Table of Contents
Are we looking for AI gold in the wrong places?
Probability vs. Accuracy
Applying Reinforcement Learning to Software
Home Technology peripherals AI Are large language models wrong for coding?

Are large language models wrong for coding?

Jun 05, 2023 pm 12:34 PM
coding tool Artificial

Reinforcement learning models beat generative AI when the goal is accuracy, consistency, game mastery, or finding one correct answer.

Large language models, such as GPT-4, are impressive because they can generate high-quality, smooth and natural text that is extremely convincing. Sadly, so does the hype: Microsoft researchers breathlessly describe the Microsoft-funded OpenAI GPT-4 model as demonstrating "a spark of artificial general intelligence."

Of course, unless Microsoft is referring to a tendency to hallucinate, the generated error text must be wrong. GPT is not good at playing games such as chess and Go, it is not good at mathematics, and the code it writes may have errors and subtle loopholes.

This does not mean that large language models are all hype. We need some new angles to discuss generative artificial intelligence (GenAI) without over exaggerating its differences from other technologies.

As detailed in an IEEESpectrum article, some experts, such as OpenAI’s Ilya Sutskever, believe that adding reinforcement learning with human feedback can eliminate the LLM illusion. But others, like Meta's Yann LeCun and Geoff Hinton (recently retired from Google), think more fundamental flaws in large language models are at work. Both believe that large language models lack the non-linguistic knowledge that is crucial to understanding the underlying reality that language describes.

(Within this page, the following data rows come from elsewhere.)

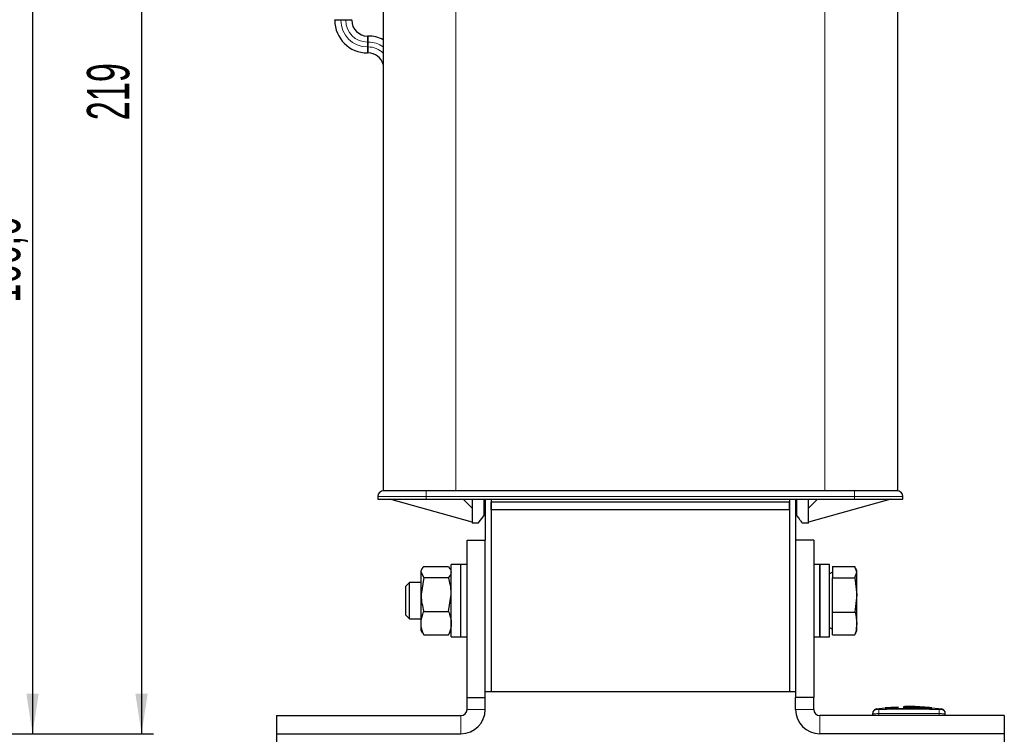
# Model space of a CAD drawing. Header units: millimetres. Extents: x 5 to 418, y 2 to 292.
# Tile 40 of 42: x 158 to 239, y 161 to 220. Entities that reach past the tile are written whole.
import ezdxf

# ---------------------------------------------------------------- set-up
doc = ezdxf.new("R2010")
doc.units = ezdxf.units.MM
doc.layers.add('SLD-0', color=7, linetype='Continuous')
doc.styles.add('SLDTEXTSTYLE0', font='TXT', dxfattribs={"width": 0.605})
doc.dimstyles.new('SLDDIMSTYLE0', dxfattribs={"dimtxt": 3.5, "dimasz": 3.302, "dimexe": 0, "dimexo": 0.0625, "dimgap": 0.875, "dimtad": 1, "dimlfac": 2, "dimrnd": 1e-09, "dimzin": 12, "dimdsep": 46, "dimtxsty": 'SLDTEXTSTYLE0', "dimsah": 1, "dimcen": 0.09, "dimadec": 0, "dimazin": 3, "dimtfac": 1, "dimtofl": 0, "dimtmove": 0, "dimatfit": 3, "dimfxl": 1, "dimfrac": 2, "dimtolj": 1, "dimtzin": 12, "dimarcsym": 0})
doc.dimstyles.new('SLDDIMSTYLE1', dxfattribs={"dimtxt": 3.5, "dimasz": 3.302, "dimexe": 0, "dimexo": 0.0625, "dimgap": 0.875, "dimtad": 1, "dimdec": 0, "dimlfac": 2, "dimrnd": 1e-09, "dimzin": 12, "dimdsep": 46, "dimtxsty": 'SLDTEXTSTYLE0', "dimsah": 1, "dimcen": 0.09, "dimadec": 0, "dimazin": 3, "dimtfac": 1, "dimtofl": 0, "dimtmove": 0, "dimatfit": 3, "dimfxl": 1, "dimfrac": 2, "dimtolj": 1, "dimtzin": 12, "dimarcsym": 0})

# ---------------------------------------------------------------- blocks, each defined once
blk = doc.blocks.new('_D_1')
at = {"layer": 'SLD-0'}
for p, q in [((137.163, 244.606), (159.624, 244.606)), ((158.624, 244.606), (158.624, 161.306)), ((151.913, 161.306), (159.624, 161.306))]:
    blk.add_line(p, q, dxfattribs=at)
for points in [[(158.624, 244.606), (158.116, 241.304), (159.132, 241.304)], [(158.624, 161.306), (159.132, 164.608), (158.116, 164.608)]]:
    blk.add_solid(points, dxfattribs=at)
at = {"layer": 'SLD-0', "insert": (154.112, 196.94), "char_height": 3.5, "attachment_point": 1, "rotation": 90, "style": 'SLDTEXTSTYLE0'}
blk.add_mtext('166,6', dxfattribs=at)
blk = doc.blocks.new('_D_2')
at = {"layer": 'SLD-0'}
for p, q in [((121.113, 270.756), (168.634, 270.756)), ((167.634, 270.756), (167.634, 161.306)), ((151.913, 161.306), (168.634, 161.306))]:
    blk.add_line(p, q, dxfattribs=at)
for points in [[(167.634, 270.756), (167.126, 267.454), (168.142, 267.454)], [(167.634, 161.306), (168.142, 164.608), (167.126, 164.608)]]:
    blk.add_solid(points, dxfattribs=at)
at = {"layer": 'SLD-0', "insert": (163.122, 212.021), "char_height": 3.5, "attachment_point": 1, "rotation": 90, "style": 'SLDTEXTSTYLE0'}
blk.add_mtext('219', dxfattribs=at)
blk = doc.blocks.new('_D_3')
at = {"layer": 'SLD-0'}
for p, q in [((178.779, 161.306), (178.779, 150.306)), ((238.929, 161.306), (238.929, 150.306)), ((178.779, 151.306), (238.929, 151.306))]:
    blk.add_line(p, q, dxfattribs=at)
for points in [[(178.779, 151.306), (182.081, 150.798), (182.081, 151.814)], [(238.929, 151.306), (235.627, 151.814), (235.627, 150.798)]]:
    blk.add_solid(points, dxfattribs=at)
at = {"layer": 'SLD-0', "insert": (202.838, 155.818), "char_height": 3.5, "attachment_point": 1, "style": 'SLDTEXTSTYLE0'}
blk.add_mtext('120,3', dxfattribs=at)

msp = doc.modelspace()

# ---------------------------------------------------------------- linework, layer by layer
at = {"color": 7, "linetype": 'Continuous', "lineweight": 25}
for p, q in [((187.6038, 224.506), (187.6038, 181.406)), ((230.1038, 224.506), (230.1038, 181.406)), ((183.6038, 220.3354), (184.1038, 220.3354)), ((183.6038, 220.2854), (183.6038, 220.3354)), ((184.1038, 220.3354), (184.5038, 220.3354)), ((184.5038, 220.3354), (185.0038, 220.3354)), ((185.0038, 220.2854), (185.0038, 220.3354)), ((186.3538, 218.9854), (186.3038, 218.9854)), ((186.3538, 217.5854), (186.3038, 217.5854)), ((187.1538, 180.906), (187.1538, 180.706)), ((187.1538, 180.706), (191.1538, 180.706)), ((187.6038, 181.406), (193.6038, 181.406)), ((194.9538, 178.806), (188.1538, 180.706)), ((191.1538, 180.706), (226.5538, 180.706)), ((193.6038, 181.406), (224.1038, 181.406)), ((194.2038, 180.706), (194.9538, 179.956)), ((194.9538, 180.706), (194.9538, 178.8061)), ((195.9538, 179.356), (195.9538, 180.706)), ((196.0288, 180.706), (196.0288, 177.306)), ((196.5288, 180.706), (196.5288, 164.806)), ((196.5288, 180.706), (196.5288, 180.456)), ((221.1788, 180.706), (221.1788, 164.806)), ((221.1788, 180.706), (221.1788, 180.456)), ((221.6788, 180.706), (221.6788, 177.306)), ((221.7538, 180.706), (221.7538, 179.356)), ((222.7538, 178.8061), (222.7538, 180.706)), ((222.7538, 179.956), (223.5038, 180.706)), ((229.5538, 180.706), (222.7538, 178.806)), ((224.1038, 181.406), (230.1038, 181.406)), ((226.5538, 180.706), (230.5538, 180.706)), ((230.5538, 180.706), (230.5538, 180.906)), ((221.1788, 180.456), (196.5288, 180.456)), ((196.5288, 179.806), (196.5288, 180.456)), ((221.1788, 179.806), (221.1788, 180.456)), ((195.4538, 178.706), (195.9538, 179.356)), ((221.1788, 179.806), (196.5288, 179.806)), ((196.5288, 179.806), (196.5288, 164.806)), ((221.1788, 179.806), (221.1788, 164.806)), ((194.9538, 178.806), (194.9538, 178.706)), ((195.4538, 178.706), (194.9538, 178.706)), ((222.7538, 178.706), (222.2538, 178.706)), ((222.7538, 178.706), (222.7538, 178.806)), ((194.5288, 164.306), (194.5288, 177.306)), ((194.5288, 177.306), (196.0288, 177.306)), ((196.0288, 164.306), (196.0288, 177.306)), ((223.1788, 177.306), (221.6788, 177.306)), ((221.6788, 177.306), (221.6788, 164.306)), ((223.1788, 177.306), (223.1788, 164.306)), ((190.8163, 174.9574), (190.7288, 174.806)), ((190.9521, 175.132), (193.0056, 175.132)), ((193.0056, 175.132), (193.1013, 174.9384)), ((193.2288, 174.806), (193.1396, 174.9605)), ((194.0288, 175.306), (193.2288, 175.306)), ((193.2288, 169.7452), (193.2288, 175.306)), ((194.5288, 175.306), (194.0288, 175.306)), ((194.0288, 169.7452), (194.0288, 175.306)), ((194.0288, 169.306), (194.0288, 175.306)), ((223.6788, 175.306), (223.1788, 175.306)), ((224.4788, 175.306), (223.6788, 175.306)), ((223.6788, 173.7948), (223.6788, 175.306)), ((223.6788, 175.306), (223.6788, 169.306)), ((224.4788, 173.7948), (224.4788, 175.306)), ((224.7288, 175.1411), (226.5881, 175.1411)), ((224.7288, 175.1411), (224.7288, 174.1944)), ((226.7288, 174.6677), (226.5881, 175.1411)), ((226.7288, 174.806), (226.6718, 174.9626)), ((190.7288, 174.6806), (190.7288, 174.806)), ((190.9521, 174.2291), (190.7288, 174.6806)), ((190.7288, 172.8161), (190.7288, 174.6806)), ((190.9521, 174.2291), (190.7288, 172.8161)), ((190.9521, 174.2291), (193.0056, 174.2291)), ((224.7288, 174.6703), (224.4788, 174.526)), ((224.7288, 174.1944), (226.5881, 174.1944)), ((224.7288, 171.3593), (224.7288, 174.1944)), ((226.5881, 174.1944), (226.7288, 174.6677)), ((226.5881, 174.1944), (226.7288, 172.7769)), ((226.7288, 174.6677), (226.7288, 174.806)), ((226.7288, 172.7769), (226.7288, 174.6677)), ((189.7856, 173.806), (189.4788, 173.4992)), ((189.4788, 171.1127), (189.4788, 173.4992)), ((190.7288, 173.806), (189.7856, 173.806)), ((189.7856, 170.806), (189.7856, 173.806)), ((223.6788, 169.306), (223.6788, 173.7948)), ((224.4788, 169.306), (224.4788, 173.7948)), ((190.7288, 170.4415), (190.7288, 172.8161)), ((193.0056, 171.4031), (193.2288, 172.8161)), ((226.7288, 172.7769), (226.5881, 171.3593)), ((226.7288, 170.4151), (226.7288, 172.7769)), ((189.4788, 171.1127), (189.7856, 170.806)), ((190.9521, 171.4031), (193.0056, 171.4031)), ((224.7288, 171.3593), (226.5881, 171.3593)), ((224.7288, 169.4709), (224.7288, 171.3593)), ((189.7856, 170.806), (190.7288, 170.806)), ((190.7288, 169.806), (190.7288, 170.4415)), ((224.4788, 170.086), (224.7288, 169.9416)), ((226.7288, 169.806), (226.7288, 170.4151)), ((190.7288, 169.806), (190.8163, 169.6546)), ((190.8495, 169.6738), (190.9521, 169.48)), ((190.9521, 169.48), (193.0056, 169.48)), ((193.0056, 169.48), (193.1013, 169.6736)), ((193.1396, 169.6515), (193.2288, 169.806)), ((193.2288, 169.306), (193.2288, 169.7452)), ((193.2288, 169.306), (194.0288, 169.306)), ((194.0288, 169.306), (194.0288, 169.7452)), ((194.0288, 169.306), (194.5288, 169.306)), ((223.1788, 169.306), (223.6788, 169.306)), ((223.6788, 169.306), (224.4788, 169.306)), ((224.7288, 169.4709), (226.5881, 169.4709)), ((226.6441, 169.6594), (226.5881, 169.4709)), ((226.6718, 169.6493), (226.7288, 169.806)), ((196.0288, 164.806), (196.5288, 164.806)), ((196.5288, 164.806), (221.1788, 164.806)), ((221.1788, 164.806), (221.6788, 164.806)), ((194.5288, 164.306), (196.0288, 164.306)), ((194.5288, 163.306), (194.5288, 164.306)), ((196.0288, 163.306), (196.0288, 164.306)), ((223.1788, 164.306), (221.6788, 164.306)), ((221.6788, 163.306), (221.6788, 164.306)), ((223.1788, 163.306), (223.1788, 164.306)), ((178.7788, 162.806), (178.7788, 161.306)), ((178.7788, 162.806), (194.0288, 162.806)), ((238.9288, 162.806), (223.6788, 162.806)), ((228.0538, 162.806), (228.0538, 162.962)), ((229.1157, 163.4047), (228.3248, 163.3431)), ((230.0187, 163.505), (229.0906, 163.4486)), ((230.1807, 163.4263), (229.1143, 163.3824)), ((229.1143, 163.4145), (230.1807, 163.4263)), ((229.1143, 163.4145), (229.1143, 163.4044)), ((229.1143, 163.3483), (229.1143, 163.3383)), ((230.1821, 163.4942), (229.2333, 163.4497)), ((230.5826, 163.4922), (232.7383, 163.4623)), ((230.9315, 163.4378), (232.921, 163.4192)), ((232.921, 163.3862), (230.9315, 163.4378)), ((232.921, 163.4092), (231.5357, 163.4222)), ((232.9446, 163.4566), (232.0178, 163.5091)), ((233.7828, 163.3431), (232.9194, 163.4104)), ((232.921, 163.4192), (232.921, 163.4092)), ((232.921, 163.3502), (232.921, 163.3401)), ((234.0538, 162.806), (234.0538, 162.962)), ((238.9288, 162.806), (238.9288, 161.306)), ((178.7788, 161.306), (194.0288, 161.306)), ((238.9288, 161.306), (223.6788, 161.306))]:
    msp.add_line(p, q, dxfattribs=at)
at = {"color": 7, "linetype": 'Continuous', "lineweight": 18}
for p, q in [((193.6038, 224.506), (193.6038, 181.406)), ((224.1038, 224.506), (224.1038, 181.406)), ((183.6038, 220.2854), (184.1038, 220.2854)), ((184.1038, 220.2854), (184.1038, 220.3354)), ((184.1038, 220.2854), (184.5038, 220.2854)), ((184.5038, 220.2854), (184.5038, 220.3354)), ((184.5038, 220.2854), (185.0038, 220.2854)), ((186.3038, 218.4854), (186.3038, 218.9854)), ((186.3538, 218.4854), (186.3538, 218.9854)), ((186.3038, 218.0854), (186.3038, 218.4854)), ((186.3538, 218.4854), (186.3038, 218.4854)), ((186.3038, 217.5854), (186.3038, 218.0854)), ((186.3538, 218.0854), (186.3038, 218.0854)), ((186.3538, 218.0854), (186.3538, 218.4854)), ((186.3538, 217.5854), (186.3538, 218.0854)), ((191.1538, 180.906), (187.1538, 180.906)), ((191.1538, 181.406), (191.1538, 180.906)), ((191.1538, 180.906), (226.5538, 180.906)), ((191.1538, 180.706), (191.1538, 180.906)), ((226.5538, 181.406), (226.5538, 180.906)), ((230.5538, 180.906), (226.5538, 180.906)), ((226.5538, 180.906), (226.5538, 180.706)), ((194.0288, 161.306), (194.0288, 162.806)), ((194.5288, 163.306), (196.0288, 163.306)), ((221.6788, 163.306), (223.1788, 163.306)), ((223.6788, 162.806), (223.6788, 161.306)), ((228.5497, 163.3119), (228.5538, 162.9619)), ((228.5538, 162.806), (228.5538, 162.9619)), ((233.558, 163.3119), (233.5538, 162.9619)), ((233.5538, 162.806), (233.5538, 162.9619)), ((233.7099, 163.3119), (233.7505, 163.3474))]:
    msp.add_line(p, q, dxfattribs=at)
at = {"color": 7, "linetype": 'Continuous', "lineweight": 25}
for centre, radius, start, end in [((186.3038, 220.2854), 2.7, 180, 270), ((186.3038, 220.2854), 1.3, 180, 270), ((186.3538, 216.2854), 2.7, 62.421532, 90), ((186.3538, 216.2854), 1.3, 15.942369, 90), ((187.6538, 180.906), 0.5, 90, 180), ((230.0538, 180.906), 0.5, 0, 90), ((194.0288, 163.306), 2, 270, 0), ((194.0288, 163.306), 0.5, 270, 0), ((223.6788, 163.306), 2, 180, 270), ((223.6788, 163.306), 0.5, 180, 270), ((228.4038, 163.0006), 0.35, 97.642372, 180), ((233.7038, 163.0006), 0.35, 360, 82.373309)]:
    msp.add_arc(centre, radius, start, end, dxfattribs=at)
at = {"color": 7, "linetype": 'Continuous', "lineweight": 18}
for centre, radius, start, end in [((186.3038, 220.2854), 2.2, 180, 270), ((186.3038, 220.2854), 1.8, 180, 270), ((186.3538, 216.2854), 2.2, 55.376465, 90), ((186.3538, 216.2854), 1.8, 46.017037, 90), ((228.4038, 162.962), 0.35, 90.989649, 179.997938), ((233.7039, 162.962), 0.35, 0.002064, 89.009586)]:
    msp.add_arc(centre, radius, start, end, dxfattribs=at)
at = {"color": 7, "linetype": 'Continuous', "lineweight": 25}
for points, knots in [([(187.6538, 181.406), (187.7006, 181.406), (187.7725, 181.406), (188.209, 181.406), (188.6607, 181.406), (189.2214, 181.406), (190.0363, 181.406), (190.7136, 181.406), (191.1538, 181.406)], [0, 0, 0, 0, 0.2394568, 0.3683607, 0.5, 0.6316393, 0.7605432, 1, 1, 1, 1]), ([(226.5538, 181.406), (226.9941, 181.406), (227.6714, 181.406), (228.4863, 181.406), (229.047, 181.406), (229.4987, 181.406), (229.9352, 181.406), (230.0071, 181.406), (230.0538, 181.406)], [0, 0, 0, 0, 0.2394568, 0.3683607, 0.5, 0.6316393, 0.7605432, 1, 1, 1, 1]), ([(221.7538, 179.356), (221.8291, 179.258), (221.9728, 179.071), (222.131, 178.8659), (222.2342, 178.7313), (222.2474, 178.7143), (222.2538, 178.706)], [0, 0, 0, 0, 0.2722364, 0.5192477, 0.764213, 1, 1, 1, 1]), ([(190.7288, 174.6806), (190.7291, 174.6913), (190.7322, 174.8437), (190.8462, 174.9931), (190.9521, 175.132)], [0, 0, 0, 0, 0.0702006, 1, 1, 1, 1]), ([(193.2288, 174.6806), (193.2286, 174.6699), (193.2254, 174.5174), (193.1115, 174.368), (193.0056, 174.2291)], [0, 0, 0, 0, 0.0702006, 1, 1, 1, 1]), ([(193.2288, 172.8161), (193.2286, 172.8496), (193.2254, 173.3268), (193.1115, 173.7944), (193.0056, 174.2291)], [0, 0, 0, 0, 0.0702006, 1, 1, 1, 1]), ([(190.7288, 172.8161), (190.7291, 172.7826), (190.7322, 172.3055), (190.8462, 171.8379), (190.9521, 171.4031)], [0, 0, 0, 0, 0.0702006, 1, 1, 1, 1]), ([(190.7288, 170.4415), (190.7559, 170.6933), (190.7909, 171.0188), (190.9223, 171.332), (190.9521, 171.4031)], [0, 0, 0, 0, 0.7730974, 1, 1, 1, 1]), ([(193.0056, 171.4031), (193.0354, 171.332), (193.1668, 171.0188), (193.2018, 170.6933), (193.2288, 170.4415)], [0, 0, 0, 0, 0.2269026, 1, 1, 1, 1]), ([(226.5881, 171.3593), (226.5908, 171.3495), (226.677, 171.0383), (226.7033, 170.7217), (226.7288, 170.4151)], [0, 0, 0, 0, 0.03144935, 1, 1, 1, 1]), ([(190.9521, 169.48), (190.862, 169.7196), (190.7428, 170.0366), (190.7316, 170.362), (190.7288, 170.4415)], [0, 0, 0, 0, 0.7556342, 1, 1, 1, 1]), ([(193.2288, 170.4415), (193.2261, 170.362), (193.2149, 170.0366), (193.0957, 169.7196), (193.0056, 169.48)], [0, 0, 0, 0, 0.24436583, 1, 1, 1, 1]), ([(226.7288, 170.4151), (226.7131, 170.1761), (226.6922, 169.8593), (226.6086, 169.5474), (226.5881, 169.4709)], [0, 0, 0, 0, 0.7546146, 1, 1, 1, 1]), ([(231.381, 163.5451), (231.2598, 163.5552), (230.9977, 163.5772), (230.7357, 163.553), (230.5948, 163.54)], [0, 0, 0, 0, 0.46211702, 1, 1, 1, 1]), ([(232.7383, 163.4623), (232.2179, 163.5096), (231.5944, 163.5663), (230.9708, 163.532), (230.8676, 163.5264)], [0, 0, 0, 0, 0.83462814, 1, 1, 1, 1]), ([(229.1143, 163.3483), (229.6349, 163.3598), (230.9037, 163.3879), (232.1727, 163.3642), (232.921, 163.3502)], [0, 0, 0, 0, 0.410329, 1, 1, 1, 1]), ([(232.921, 163.3401), (232.4006, 163.3512), (231.1318, 163.378), (229.8629, 163.353), (229.1143, 163.3383)], [0, 0, 0, 0, 0.4100759, 1, 1, 1, 1])]:
    msp.add_open_spline(points, degree=3, knots=knots, dxfattribs=at)
at = {"color": 7, "linetype": 'Continuous', "lineweight": 18}
for points, knots in [([(228.5538, 162.9619), (228.4976, 162.9618), (228.3852, 162.9614), (228.2354, 162.9612), (228.1223, 162.9613), (228.0624, 162.9615), (228.0563, 162.9618), (228.0538, 162.962)], [0, 0, 0, 0, 0.2146728, 0.4293525, 0.6440267, 0.8586958, 1, 1, 1, 1]), ([(228.3572, 163.3474), (228.3572, 163.3474), (228.3437, 163.3593), (228.3707, 163.3356), (228.3978, 163.3119)], [0, 0, 0, 0, 0.0001312, 1, 1, 1, 1]), ([(228.3978, 163.3119), (228.3986, 163.3118), (228.4008, 163.3115), (228.4194, 163.3112), (228.4537, 163.3112), (228.4988, 163.3114), (228.5328, 163.3117), (228.5497, 163.3119)], [0, 0, 0, 0, 0.140567, 0.3553278, 0.5708439, 0.7860438, 1, 1, 1, 1]), ([(228.5497, 163.3119), (229.1181, 163.3173), (230.255, 163.3281), (231.9246, 163.3277), (233.0255, 163.317), (233.558, 163.3119)], [0, 0, 0, 0, 0.3404989, 0.6810495, 1, 1, 1, 1]), ([(233.5538, 162.9619), (233.0222, 162.9673), (231.9231, 162.9783), (230.2564, 162.9789), (229.1214, 162.9676), (228.5538, 162.9619)], [0, 0, 0, 0, 0.3189773, 0.6594761, 1, 1, 1, 1]), ([(234.0538, 162.962), (234.0483, 162.9618), (234.0373, 162.9614), (233.9511, 162.9613), (233.8242, 162.9613), (233.6836, 162.9615), (233.5907, 162.9618), (233.5538, 162.9619)], [0, 0, 0, 0, 0.21467234, 0.42935197, 0.64402608, 0.85869542, 1, 1, 1, 1]), ([(233.558, 163.3119), (233.5691, 163.3117), (233.5971, 163.3115), (233.6395, 163.3112), (233.6779, 163.3112), (233.7043, 163.3114), (233.708, 163.3117), (233.7099, 163.3119)], [0, 0, 0, 0, 0.1406569, 0.3555039, 0.5710329, 0.7861716, 1, 1, 1, 1])]:
    msp.add_open_spline(points, degree=3, knots=knots, dxfattribs=at)

# ---------------------------------------------------------------- dimensions: what is measured, and where the dimension line sits
at = {"layer": 'SLD-0'}
for base, p1, dimstyle, picture, middle in [((167.634, 161.306), (121.1125, 270.756), 'SLDDIMSTYLE1', '_D_2', (167.634, 216.031)), ((158.6238, 161.306), (137.1625, 244.606), 'SLDDIMSTYLE0', '_D_1', (158.6238, 202.956))]:
    dim = msp.add_linear_dim(base=base, p1=p1, p2=(151.9125, 161.306), angle=90, dimstyle=dimstyle, dxfattribs=at)
    dim.commit()
    dim.dimension.update_dxf_attribs({"geometry": picture, "text_midpoint": middle, "dimtype": 160})
dim = msp.add_linear_dim(base=(238.9288, 151.306), p1=(178.7788, 161.306), p2=(238.9288, 161.306), dimstyle='SLDDIMSTYLE0', dxfattribs=at)
dim.commit()
dim.dimension.update_dxf_attribs({"geometry": '_D_3', "text_midpoint": (208.8538, 151.306), "dimtype": 160})

doc.saveas('drawing.dxf')

Diffblue CEO Mathew Lodge pointed out in an interview that there is a better solution. He said, "Small, fast, and cheap to run reinforcement learning models can easily defeat large language models with hundreds of billions of parameters in a variety of tasks, from playing games to writing code."

Are we looking for AI gold in the wrong places?

What Lodge is saying is that generative AI certainly has its uses, but perhaps we are trying to It forces the introduction of an area of ​​reinforcement learning for which it is not well suited. Take games for example.

Levy Rozman, a chess grandmaster, posted a video of himself playing against ChatGPT (chat-based artificial intelligence). The model made a series of ridiculous and illegal moves, including capturing its own pieces. The best open source chess software (Stockfish, which doesn't use neural networks at all) lets ChatGPT beat it in less than 10 moves because the large language model can't find legal moves. This proves that large language models fall far short of the claims of general artificial intelligence, and this is not an isolated example.

Due to its reinforcement learning algorithm, Google AlphaGo is the best performing Go artificial intelligence currently. Reinforcement learning works by generating different solutions to a problem, trying them, using the results to improve the next suggestion, and then repeating the process thousands of times to find the best result.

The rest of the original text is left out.